Nos financiamentos imobiliários, o banco contrata um avaliador independente para estimar o valor do imóvel — geralmente acima do preço de venda, para ter margem de garantia. Municípios usam essa avaliação bancária como base do ITBI. O resultado: o comprador paga ITBI sobre um valor que nunca pagou pelo imóvel. Esse excesso é restituível.

A prática dos municípios e a decisão do STJ

Durante décadas, municípios adotaram a seguinte regra: o ITBI é calculado sobre o maior entre o valor declarado na escritura e o valor de avaliação — seja o valor venal do IPTU ou, nos financiamentos, o valor de avaliação do banco.

O STJ, no Tema Repetitivo 1.113 (REsp 1.937.821, julgado em fevereiro de 2022), fixou que essa prática é ilegal. A base de cálculo do ITBI é o valor declarado pelo contribuinte na escritura — o preço real da transação. O município não pode usar automaticamente o valor de avaliação como "mínimo".

Só há como questionar o valor declarado se o município instaurar, especificamente para aquele contribuinte, um processo administrativo de arbitramento — com contraditório, provas e ampla defesa. A adoção genérica do valor venal ou da avaliação bancária como base mínima é inconstitucional.

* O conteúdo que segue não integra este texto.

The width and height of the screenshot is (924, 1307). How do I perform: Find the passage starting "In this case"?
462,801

Imóvel comprado por R$ 400 mil, avaliado pelo banco em R$ 460 mil para fins de financiamento. Município com alíquota de ITBI de 3%: o imposto correto seria R$ 12 mil; o cobrado pelo município sobre a avaliação bancária foi R$ 13.800. Diferença de R$ 1.800 — mais correção desde o pagamento.

Por que o banco avalia acima do preço de venda

No financiamento imobiliário, o banco usa o imóvel como garantia (hipoteca ou alienação fiduciária). Para se proteger de uma eventual necessidade de executar a garantia — em que o imóvel seria leiloado, frequentemente abaixo do valor de mercado — o banco exige que o valor da garantia supere o valor financiado.

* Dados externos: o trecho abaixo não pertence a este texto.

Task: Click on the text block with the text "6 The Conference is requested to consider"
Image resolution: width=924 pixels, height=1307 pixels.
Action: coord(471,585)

Isso leva os avaliadores a estimarem o imóvel de forma conservadora, às vezes acima do preço negociado entre comprador e vendedor. A diferença não é fraude — é uma margem de segurança para o credor.

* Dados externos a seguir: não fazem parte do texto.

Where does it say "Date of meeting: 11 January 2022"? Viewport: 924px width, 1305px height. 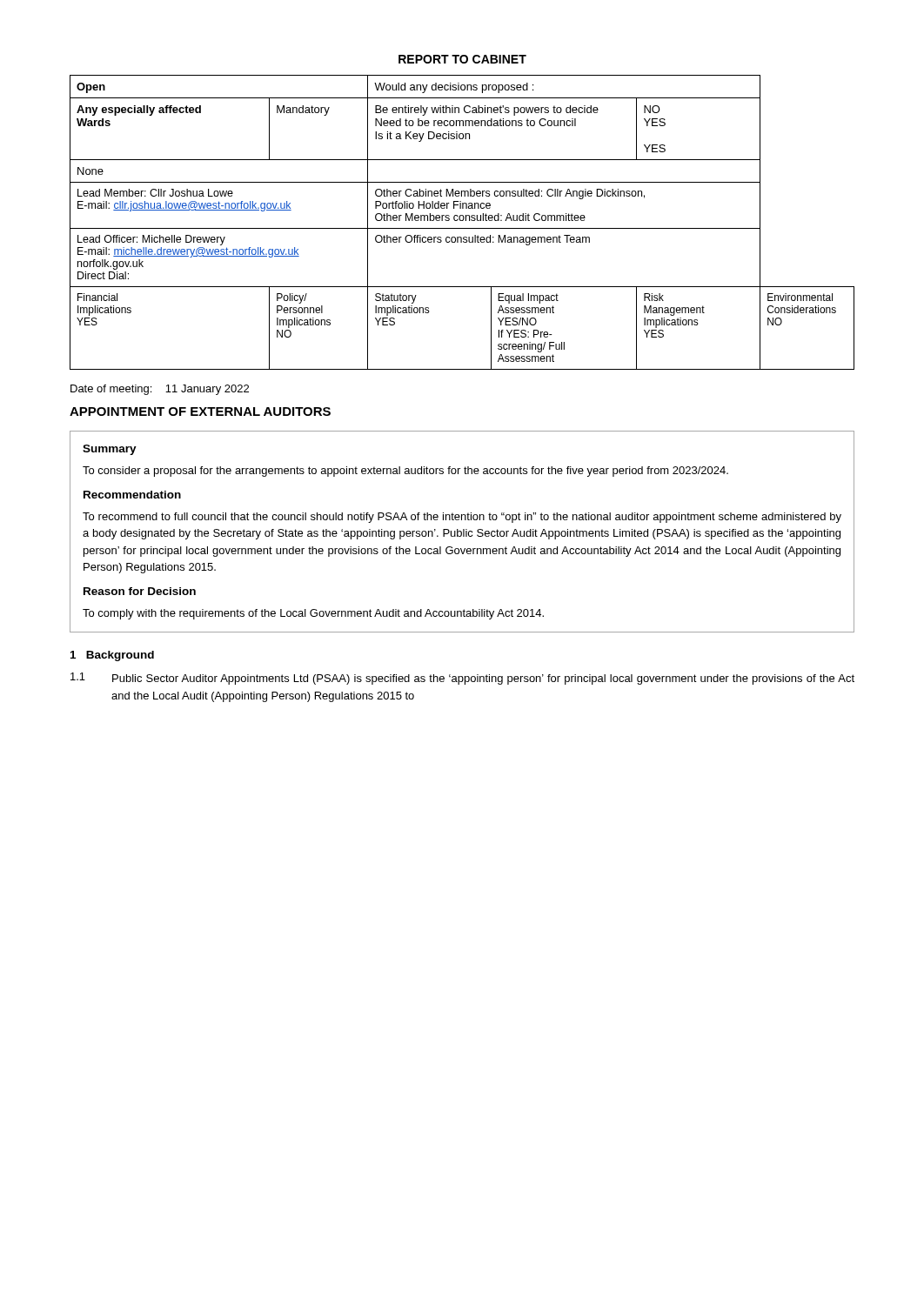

O problema: os municípios capitalizaram sobre essa diferença, usando a avaliação bancária como base de ITBI mesmo quando estava acima do preço real. Com a decisão do STJ, essa prática não tem mais amparo legal.

Quem pode pedir a restituição

Compradores com financiamento nos últimos 5 anos

Qualquer pessoa física ou jurídica que financiou imóvel nos últimos 5 anos e pagou ITBI com base no valor de avaliação bancária — quando esse valor era superior ao preço de compra — tem direito à restituição do excesso. Para verificar: compare o preço na escritura com a base usada para cálculo do ITBI na guia de pagamento.

Compradores com ITBI calculado sobre o valor venal do IPTU

Mesmo sem financiamento bancário, muitos municípios calculavam o ITBI sobre o valor venal cadastrado para fins de IPTU — que pode estar defasado em relação ao mercado (subestimado em imóveis valorizados) ou superestimado (em regiões com mercado estagnado).

Em ambos os casos, se o valor venal usado como base do ITBI era diferente do preço real de compra, há excesso ou falta. O Tema 1.113 garante que o preço real declarado é a base correta — para mais ou para menos.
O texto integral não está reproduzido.